Yeah, but what about the graph!
The OP refers to page 14 of this link as an example of the graph that is desired. There is a fundamental difference in the data in the reference and the data presented here, namely the reference is using probabilities that either aren't known or haven't been presented in this question. If the data are available and it is possible to use probabilities instead of the boolean response, then one might be able to generate the requested graph. Presently, I am not sure that the graph would provide any meaningful information.
Update
We can use the "ParameterConfidenceIntervals" property of LogicModelFit to generate confidence bands, although to be honest I do not know what their value is for a logistic model in general and as you will see below, they are not at all useful to the current problem. Nonetheless, I'm presenting how the confidence bands can be drawn using Mathematica
To make the plotting easy, I make a list of parameters and define the logistic function.
res = Join[{model["BestFitParameters"]}, model["ParameterConfidenceIntervals"] // Transpose]

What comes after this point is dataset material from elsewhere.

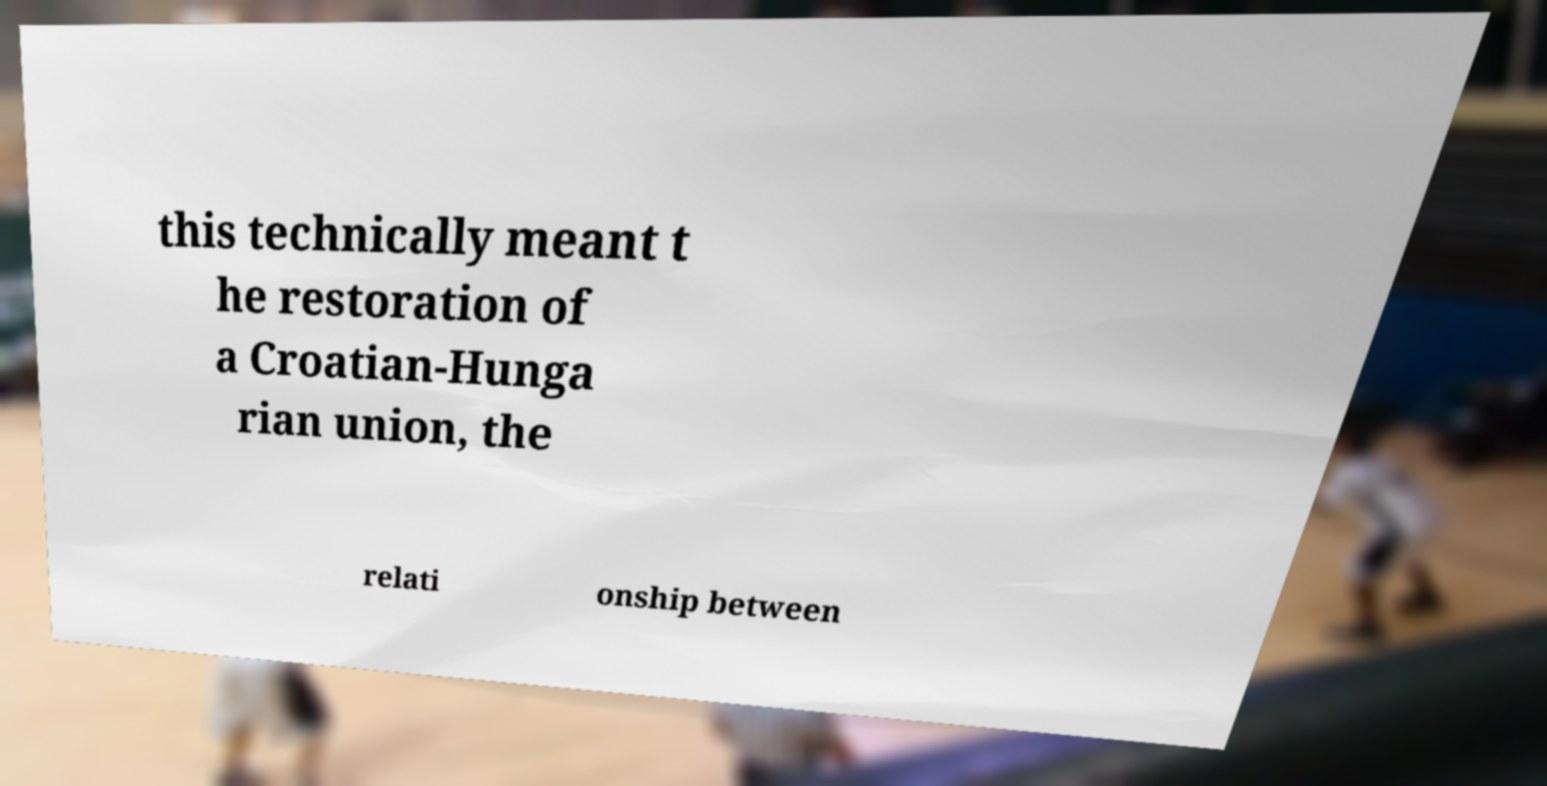What messages or text are displayed in this image? I need them in a readable, typed format. this technically meant t he restoration of a Croatian-Hunga rian union, the relati onship between

f[{a_, b_}] := 1/(1 + E^(-a - b x));
Then we can Plot:
Plot[Evaluate[f[#] & /@ res], {x, 53, 81}, Filling -> {{3 -> {1}}, {2 -> {1}}},
FillingStyle -> {LightBlue, LightGreen}, PlotRange -> All, Frame -> True,
FrameStyle -> Directive[FontSize -> 13], FrameLabel ->
{Style["Temperature (deg F)", 14], Style["Coded Damage", 14]},
FrameTicks -> {Range[50, 90, 5], {0, 1}, None, None},
Epilog -> {PointSize[Medium], Red, Point@damagecodedata}]
Giving us the following:
As can be seen, the 95% confidence intervals as presented from the model fit tell us that the model isn't very good for the data set.
I'm wondering if you ever got this worked out, because I'm trying to do the same thing.
Here's how far I got. You can retrieve confidence intervals for the fitted curve if you use NonLinearModelFit rather than LogitModelFit. The syntax for a logistic function in NonLinearModelFit is:
model2 = NonlinearModelFit[damagecodedata, (1/(1 + E^(-a + b*x))),
{{a, -15}, {b, 0.1}}, x]
Note I used initial guesses for the parameters that were reasonably close to what you got with LogitModelFit. The fitted model is:
1/(1 + E^(-19.2615 + 0.300954 x))
The parameters are a little different from what you got, because NonlinearModelFit assumes the data are normally distributed whereas LogitModelFit assumes a binomial distribution (I think the latter is more reasonable).
You can obtain the confidence bands like so:
model2["MeanPredictionBands", ConfidenceLevel -> .90]
And when you plot them you get:
The problem, as I see it, is the confidence bands go above 1 and below 0, even though the function cannot.
Any help with this would be appreciated.